Title: DynaRAG: Bridging Static and Dynamic Knowledge in Retrieval-Augmented Generation

Authors: Penghao Liang, Mengwei Yuan, Jianan Liu, Jing Yang, Xianyou Li, Weiran Yan, Yichao Wu
Subjects: cs.CL, cs.AI, cs.IR
Abstract URL: https://arxiv.org/abs/2603.18012
Pdf URL: https://arxiv.org/pdf/2603.18012
Copy Paste: [[2603.18012]] DynaRAG: Bridging Static and Dynamic Knowledge in Retrieval-Augmented Generation(https://arxiv.org/abs/2603.18012)
Keywords: llm, hallucination, retrieval-augmented generation
Abstract: We present DynaRAG, a retrieval-augmented generation (RAG) framework designed to handle both static and time-sensitive information needs through dynamic knowledge integration. Unlike traditional RAG pipelines that rely solely on static corpora, DynaRAG selectively invokes external APIs when retrieved documents are insufficient for answering a query. The system employs an LLM-based reranker to assess document relevance, a sufficiency classifier to determine when fallback is necessary, and Gorilla v2 -- a state-of-the-art API calling model -- for accurate tool invocation. We further enhance robustness by incorporating schema filtering via FAISS to guide API selection.
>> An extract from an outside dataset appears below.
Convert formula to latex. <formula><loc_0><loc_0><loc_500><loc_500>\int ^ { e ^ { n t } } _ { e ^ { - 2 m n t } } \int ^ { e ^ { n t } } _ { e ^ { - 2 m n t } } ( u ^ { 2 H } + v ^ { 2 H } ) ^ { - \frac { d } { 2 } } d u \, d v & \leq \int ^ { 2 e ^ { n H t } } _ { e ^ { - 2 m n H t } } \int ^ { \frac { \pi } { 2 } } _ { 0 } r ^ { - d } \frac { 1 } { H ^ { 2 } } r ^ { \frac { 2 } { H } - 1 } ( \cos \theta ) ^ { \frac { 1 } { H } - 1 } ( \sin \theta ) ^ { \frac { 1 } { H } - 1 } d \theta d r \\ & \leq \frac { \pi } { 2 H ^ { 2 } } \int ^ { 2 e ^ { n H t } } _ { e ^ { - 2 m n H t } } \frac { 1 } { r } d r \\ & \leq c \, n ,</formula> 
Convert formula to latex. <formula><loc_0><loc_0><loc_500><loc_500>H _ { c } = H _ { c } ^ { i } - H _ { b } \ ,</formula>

Evaluations on the CRAG benchmark demonstrate that DynaRAG significantly improves accuracy on dynamic questions, while also reducing hallucinations. Our results highlight the importance of dynamic-aware routing and selective tool use in building reliable, real-world question-answering systems.
摘要：我们提出了 DynaRAG，这是一种检索增强生成 (RAG) 框架，旨在通过动态知识集成来处理静态和时间敏感的信息需求。与仅依赖静态语料库的传统 RAG 管道不同，DynaRAG 在检索到的文档不足以回答查询时选择性地调用外部 API。该系统采用基于 LLM 的重新排序器来评估文档相关性，使用充分性分类器来确定何时需要回退，并使用 Gorilla v2（一种最先进的 API 调用模型）来进行准确的工具调用。我们通过 FAISS 合并模式过滤来指导 API 选择，进一步增强了鲁棒性。对 CRAG 基准的评估表明，DynaRAG 显着提高了动态问题的准确性，同时还减少了幻觉。我们的结果强调了动态感知路由和选择性工具使用在构建可靠的真实问答系统中的重要性。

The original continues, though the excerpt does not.